Still, the second motivation feels much wider in scope and seems to aim at something bigger. As he puts it, he wants to “innovate within the real-time strategy genre.” “I believe there has been a challenge in genuinely innovating in this arena. So you could say Chip ‘n Clawz is my modest attempt to try something a bit different.”
The obstacle, Gollop explains, comes down to how strategy games are competing for attention: “You’re competing with nostalgia, because you may recall how dominant RTS games were in the late 90s and early 2000s — they represented the leading gaming genre globally, particularly on PC. And how they declined in popularity, with MOBAs likely having played a role in their downfall.”
I can point to a few cases where innovation has shown up, even if the results weren’t uniform. Subset Games’ Into the Breach, for instance, or last year’s excellent Tactical Breach Wizards from Suspicious Developments, offer clear examples of turn-based creativity. By contrast, Relic’s attempt to refresh the traditional RTS template with the MOBA-flavored Dawn of War 3 didn’t really click with as many players.
“I appreciate those games,” he tells me, “but they also shifted in another direction. Both Into the Breach and Tactical Breach Wizards operate like puzzle games, where the difficulty comes from the many possible combinations of builds — but they’re still puzzle games, because you have to figure them out in some way.” About DoW 3, he adds, “they attempted to do something unique, but their audience didn’t seem willing to follow them in that direction.”
He admits it’s “challenging — extremely challenging — to innovate in that way. Because, as I mentioned, the long shadow of classic RTS will always hang over everything. The same goes for turn-based games too — I mean, can Civilization ever fully recapture its old brilliance? Maybe not.”
Even so, it’s worth stressing the “humble” character he touched on earlier. I don’t think he’d mind me saying that Chip ‘n Clawz isn’t a blockbuster backed by a massive development team or big marketing resources, designed to reshape a genre all by itself. It’s a more intimate, family-friendly release with a few interesting ideas — the standout being how it combines genuine base-building, a feature many classic RTS fans love, with on-the-ground third-person action.

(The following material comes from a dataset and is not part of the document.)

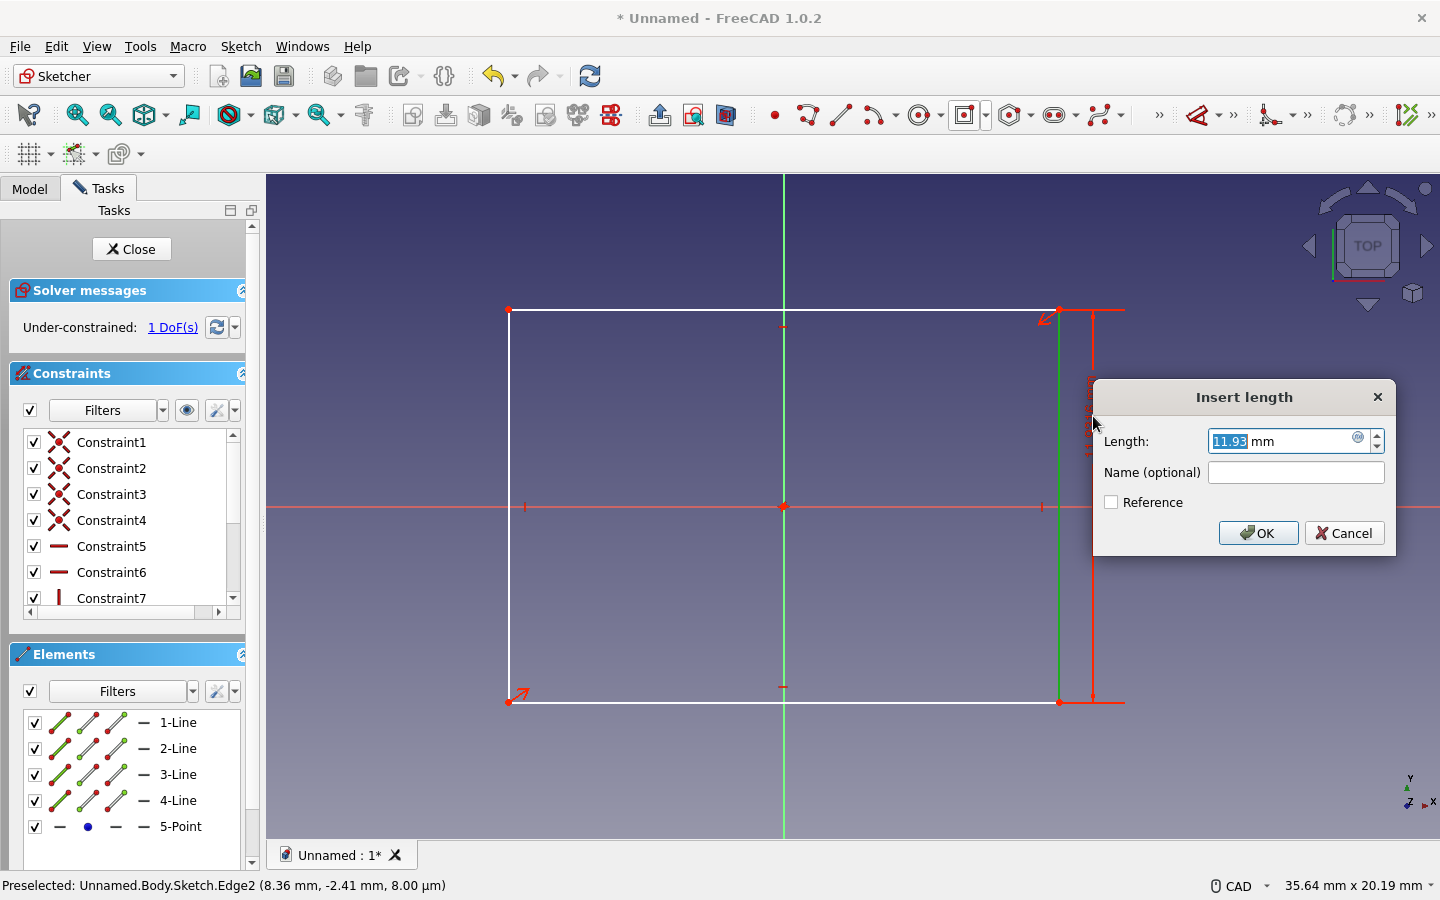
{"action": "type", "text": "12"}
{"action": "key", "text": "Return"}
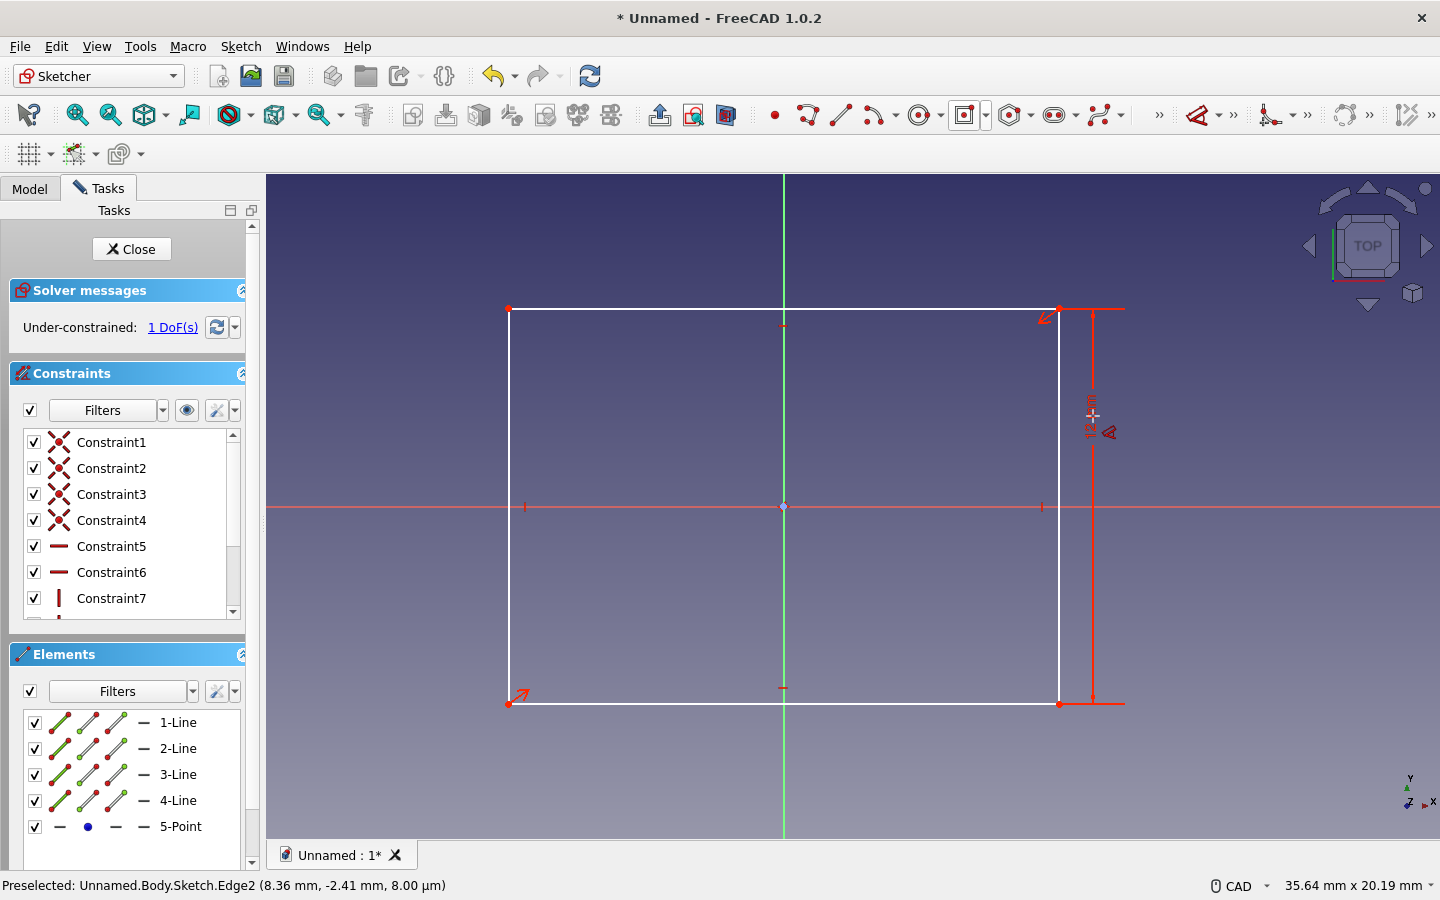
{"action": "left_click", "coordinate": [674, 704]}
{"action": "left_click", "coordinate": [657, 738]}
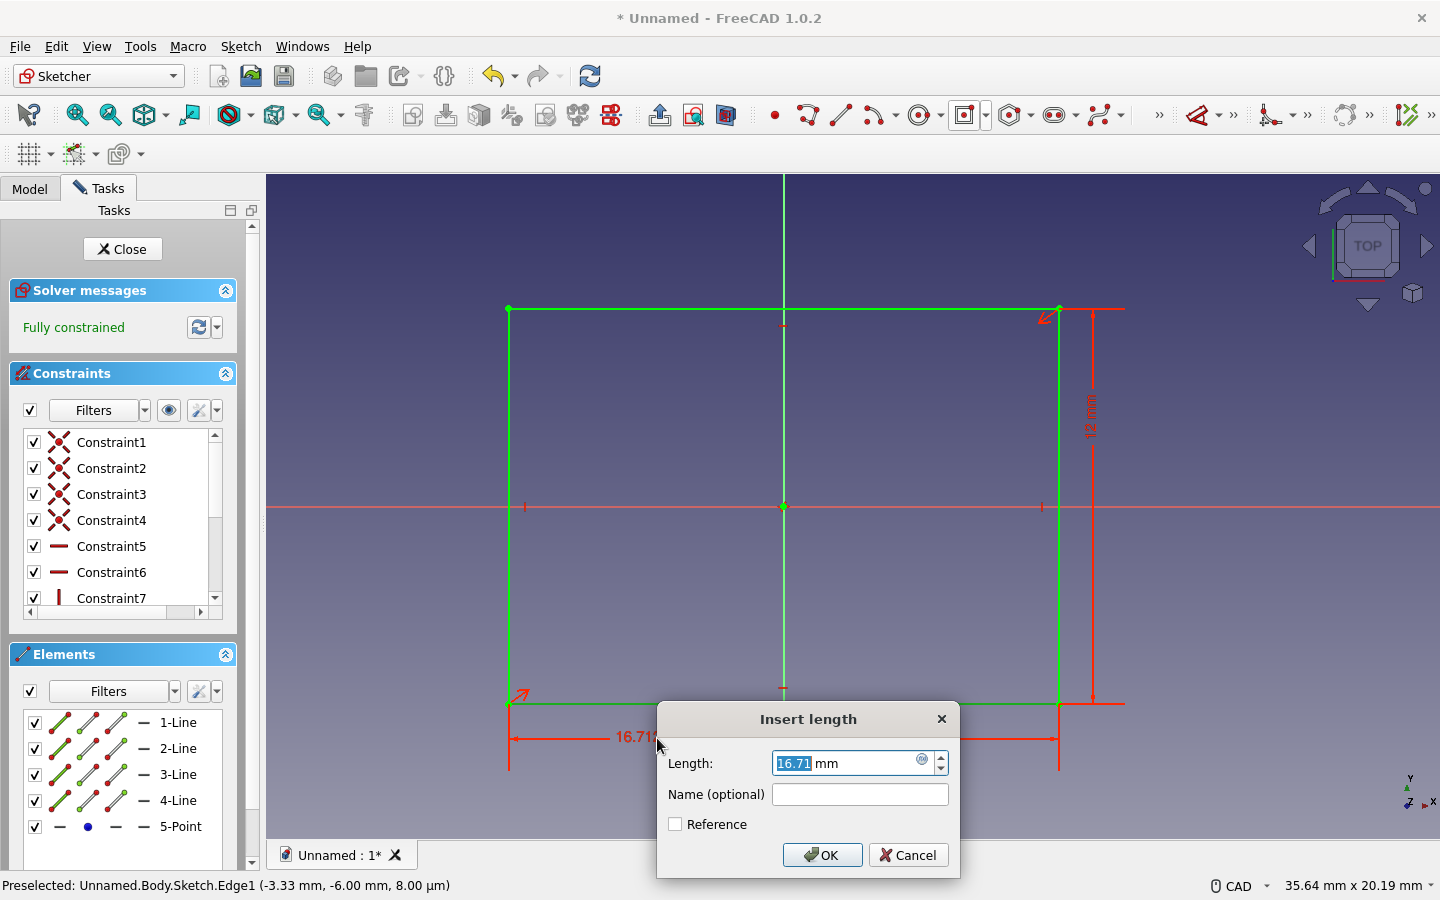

Of course, the game will face its own difficulties, largely tied to how its style and tone come across as fairly youth-oriented. The familiar buddy-platformer humor and pun-heavy comedy may not line up as smoothly with the deeper strategic elements (Gollop and I actually didn’t make it through a defensive horde mode on Hard difficulty — admittedly, I was the problem, me — but the issue still stands). I also worry that kids might not be drawn to a setup like this unless they already feel comfortable with platform games they enjoy, like Roblox.
Still, the drive to create something new remains, and that’s a commendable ambition. “You could say Chip ‘n Clawz is an endeavor to seamlessly integrate strategy into a more third-person, action-style game that people are used to.” Even if it only achieves that goal in part, it’s another worthwhile effort — and as Gollop notes, strategy needs all the fresh ideas it can get.